Он толкает меня ногой в бедро.
— Ты на меня злишься или что?
— С чего ты взял?
— Во-первых, ты не набросился на меня, — он улыбается, но как-то принужденно. — Ты теряешь интерес?
— А ты?
— Нет.
— Хм…
Он замолкает на секунду.
— В чем дело? Это потому, что я сказал тебе перестать драться?
— Я не перестану.
— Я вижу.
— Как только твой кузен Крейтон вернется в университет, я расквашу ему лицо, но не из-за того, что случилось со мной, а потому что он посмел ударить тебя в тот день. А еще я буду драться с твоим драгоценным братцем-психопатом и избивать его до полусмерти, так что тебе лучше морально подготовиться.

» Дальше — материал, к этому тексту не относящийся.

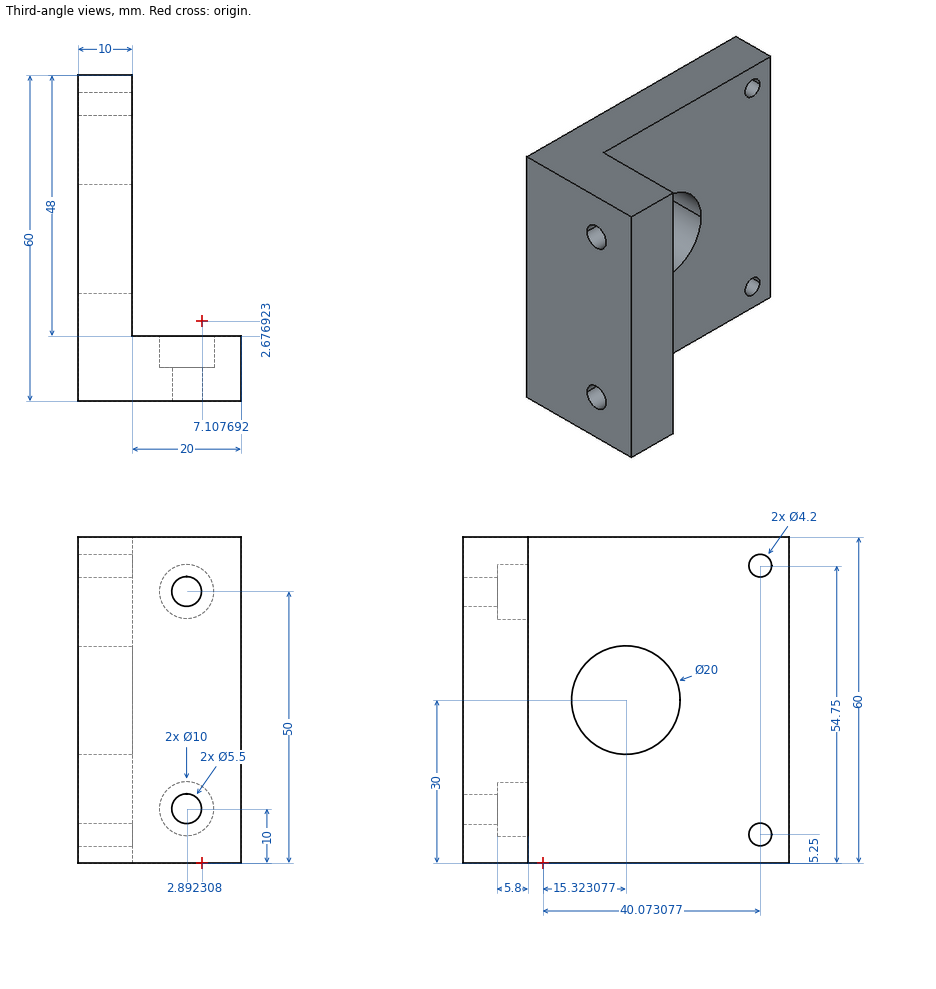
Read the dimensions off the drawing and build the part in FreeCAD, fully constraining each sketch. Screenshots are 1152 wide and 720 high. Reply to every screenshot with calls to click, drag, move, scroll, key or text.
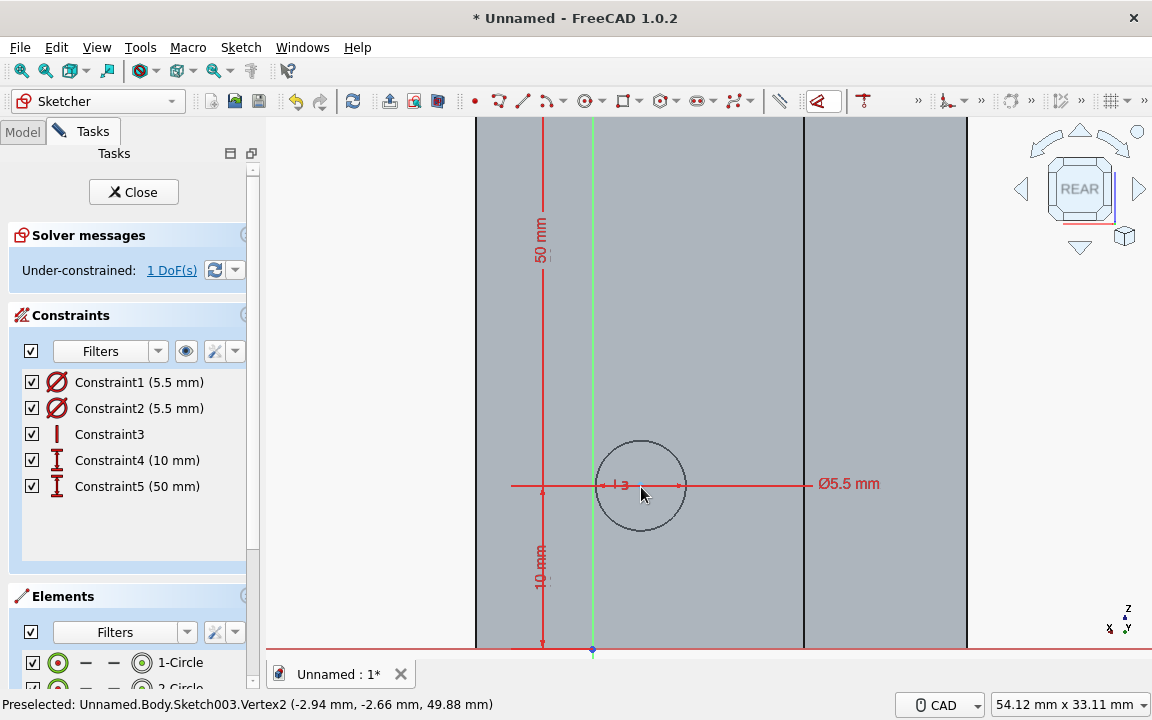
click(641, 486)
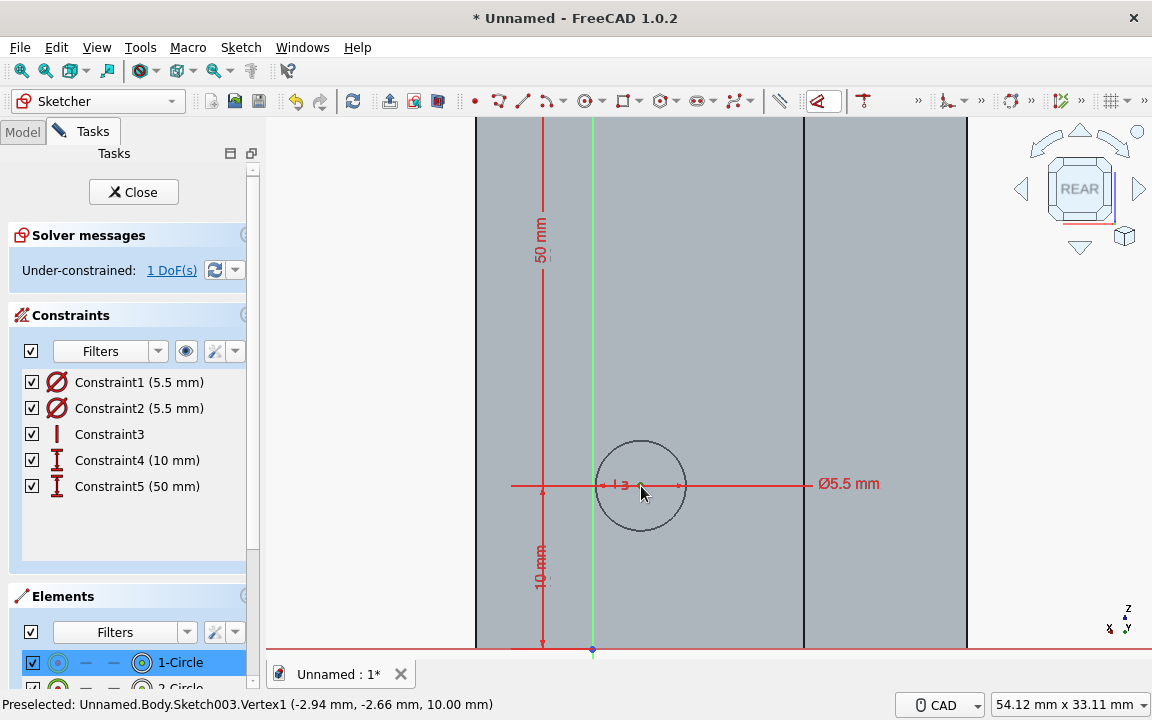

Он сглотнул, его горло дергается вверх-вниз.
— Не делай этого… пожалуйста.
— Что ты готов сделать, чтобы остановить меня?
— А чего ты хочешь?
— Расскажи мне, что произошло, когда я пришел сюда, и не говори, что это был несчастный случай или ничего страшного, потому что я не куплюсь на эту чушь.
Его лицо бледнеет, и он замирает, его грудь поднимается и опускается в быстром ритме, прежде чем он начинает дышать медленнее.
— Это… действительно пустяки.
— Мы закончили. Убирайся к чертовой матери и оставь меня в покое.
Губы Брэна приоткрываются, и он смотрит на меня. Нет, я никогда не разговаривал с ним в таком тоне. Я всегда отшучиваюсь, когда он такой ворчливый и зажатый, но меня это уже просто достало.
Я не могу перестать думать о том, что сказал Джереми, и это не дает мне покоя.
— Николай… — вода плещется, когда он опускается на колени между моих ног, а затем обхватывает руками мою шею.
Я встречаюсь с его широко раскрытыми голубыми глазами, и впервые не смягчаюсь от одного только вида его лица или тепла, исходящего от его тела.
Впервые я не растекаюсь лужицей только от того, что он произносит мое имя или прикасается ко мне.
— Убирайся.
Он качает головой и крепко сжимает меня в объятиях.
— Мне жаль.
— Какого хрена ты продолжаешь извиняться, будто это стало рефлекторной реакцией? Это чертовски жалко.
Он вздрагивает и опускает руки по обе стороны от себя.
— Я… просто уйду.
— Давай. Убегай, как ты это умеешь.
— Чего ты, черт возьми, от меня ждешь? Я пытаюсь загладить свою вину, а ты набрасываешься. Я ничего не сделал, чтобы со мной разговаривали в таком тоне.